RECORDS TO USE

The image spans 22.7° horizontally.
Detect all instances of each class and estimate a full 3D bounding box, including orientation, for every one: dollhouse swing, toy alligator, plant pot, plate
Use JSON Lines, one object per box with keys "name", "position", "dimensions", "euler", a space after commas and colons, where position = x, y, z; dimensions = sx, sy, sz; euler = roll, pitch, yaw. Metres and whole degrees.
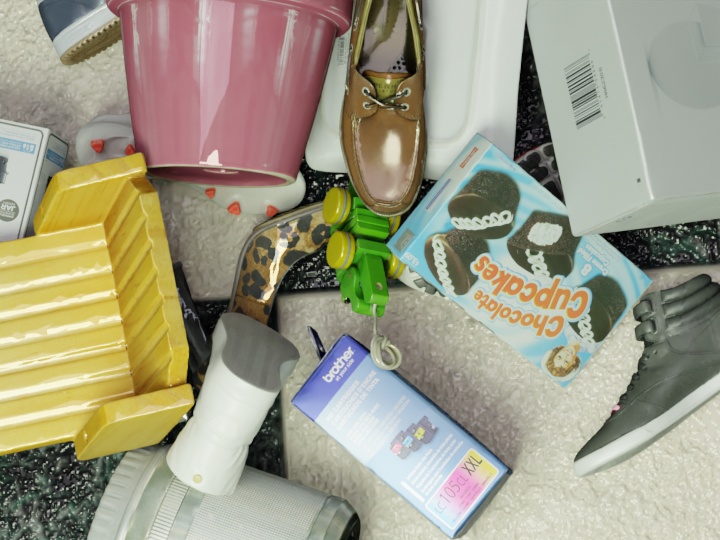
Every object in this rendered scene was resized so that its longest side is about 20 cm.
{"name": "dollhouse swing", "position": [-0.246, 0.037, 1.371], "dimensions": [0.175, 0.182, 0.201], "euler": [-6, 74, -21]}
{"name": "toy alligator", "position": [0.000, 0.000, 1.435], "dimensions": [0.059, 0.054, 0.201], "euler": [11, 56, -27]}
{"name": "plant pot", "position": [-0.107, -0.162, 1.419], "dimensions": [0.198, 0.200, 0.181], "euler": [3, 85, 7]}
{"name": "plate", "position": [0.039, -0.176, 1.464], "dimensions": [0.199, 0.032, 0.201], "euler": [7, 93, 32]}

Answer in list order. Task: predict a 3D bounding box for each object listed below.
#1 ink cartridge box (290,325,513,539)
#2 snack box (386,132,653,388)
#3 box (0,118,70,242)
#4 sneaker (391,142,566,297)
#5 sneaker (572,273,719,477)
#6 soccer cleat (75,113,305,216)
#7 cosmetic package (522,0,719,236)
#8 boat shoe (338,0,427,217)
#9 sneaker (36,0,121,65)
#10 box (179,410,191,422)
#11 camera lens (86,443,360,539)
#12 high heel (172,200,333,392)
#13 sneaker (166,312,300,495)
{"name": "ink cartridge box", "position": [0.024, 0.125, 1.442], "dimensions": [0.200, 0.136, 0.077], "euler": [38, 87, 9]}
{"name": "snack box", "position": [0.130, -0.005, 1.435], "dimensions": [0.200, 0.037, 0.116], "euler": [37, 95, -28]}
{"name": "box", "position": [-0.326, -0.028, 1.501], "dimensions": [0.116, 0.060, 0.202], "euler": [13, 85, 8]}
{"name": "sneaker", "position": [0.106, -0.054, 1.487], "dimensions": [0.199, 0.085, 0.077], "euler": [-29, 113, -15]}
{"name": "sneaker", "position": [0.234, 0.081, 1.458], "dimensions": [0.199, 0.071, 0.099], "euler": [-36, 79, -4]}
{"name": "soccer cleat", "position": [-0.142, -0.099, 1.529], "dimensions": [0.198, 0.078, 0.070], "euler": [11, 122, -5]}
{"name": "cosmetic package", "position": [0.257, -0.145, 1.414], "dimensions": [0.199, 0.123, 0.201], "euler": [-7, 81, -25]}
{"name": "boat shoe", "position": [0.016, -0.144, 1.406], "dimensions": [0.071, 0.068, 0.202], "euler": [-3, 89, 1]}
{"name": "sneaker", "position": [-0.200, -0.275, 1.552], "dimensions": [0.199, 0.070, 0.109], "euler": [-31, 82, 6]}
{"name": "box", "position": [-0.190, 0.033, 1.504], "dimensions": [0.041, 0.039, 0.201], "euler": [-17, 96, 0]}
{"name": "camera lens", "position": [-0.107, 0.236, 1.433], "dimensions": [0.199, 0.160, 0.161], "euler": [17, 86, 9]}
{"name": "high heel", "position": [-0.061, 0.029, 1.509], "dimensions": [0.199, 0.071, 0.143], "euler": [-25, 93, 0]}
{"name": "sneaker", "position": [-0.106, 0.106, 1.392], "dimensions": [0.073, 0.200, 0.116], "euler": [28, 102, -1]}

EXERCISE REQUIREMENTS
Could you count the lines of the listing above that hold the word "bounding" and give only the total?

TASK SOLUTION
2